The choice of how many layers you unfreeze is not proportional. Here is an example using the benchmarks from the FC-SauerkrautLM, which we trained with the function_calling dataset:


![fc_results.PNG](https://vago-solutions.de/wp-content/uploads/2024/02/fc_results.png)



All models are based on the SauerkrautLM-7b-LaserChat model and were trained using the same effective batch size, as well as identical hyperparameters and trainable parameters (adjusted by the value of lora_r). It is observable that, **on average, the laser-QLoRA trainings performed better than classic QLoRA.**

In particular, **laser-QLoRA top 3 and laser-QLoRA top 16 significantly outperformed classic QLoRA.** Function calling, as well as other tasks, such as learning new languages or RAG data, with very specific training data, benefit from the laser-QLoRA approach.

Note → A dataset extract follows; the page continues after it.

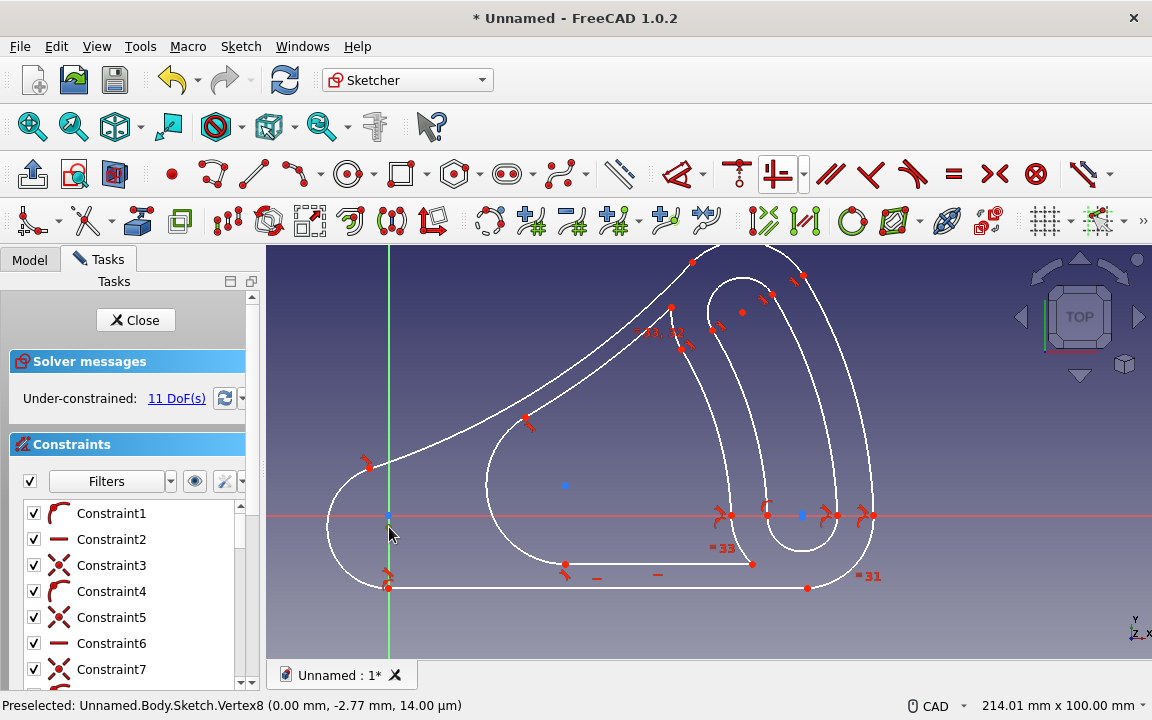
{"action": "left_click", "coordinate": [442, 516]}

Our findings indicate that our approach not only surpasses QLoRA in direct training comparisons within the Open LLM leaderboard benchmarks but also reveals that using just a fraction of the typical function calling training data (2,000 samples), a model can effectively identify and employ functions in multi-turn conversations. Traditionally, function calling datasets encompass over 100,000 samples, a scale that could significantly induce the base model to lose a considerable portion of its pre-existing skills during QLoRA training.



---







### **Future Work**

Many more experiments need to be conducted. However, so far, we have been able to identify significant improvements compared to traditional QLoRA training, especially when addressing specific use cases. For instance, companies can significantly enhance their RAG systems through this approach, as their base models can be improved through training with laser-QLoRA. What does this mean precisely? It means that small datasets, which represent the RAG operations can be trained, thereby significantly enhancing their language model's extraction and reasoning capabilities.

This approach is not limited to the use in large language models. Visual models, such as stable diffusion, can also be significantly optimized through the laser scanner and subsequent laser-QLoRA training.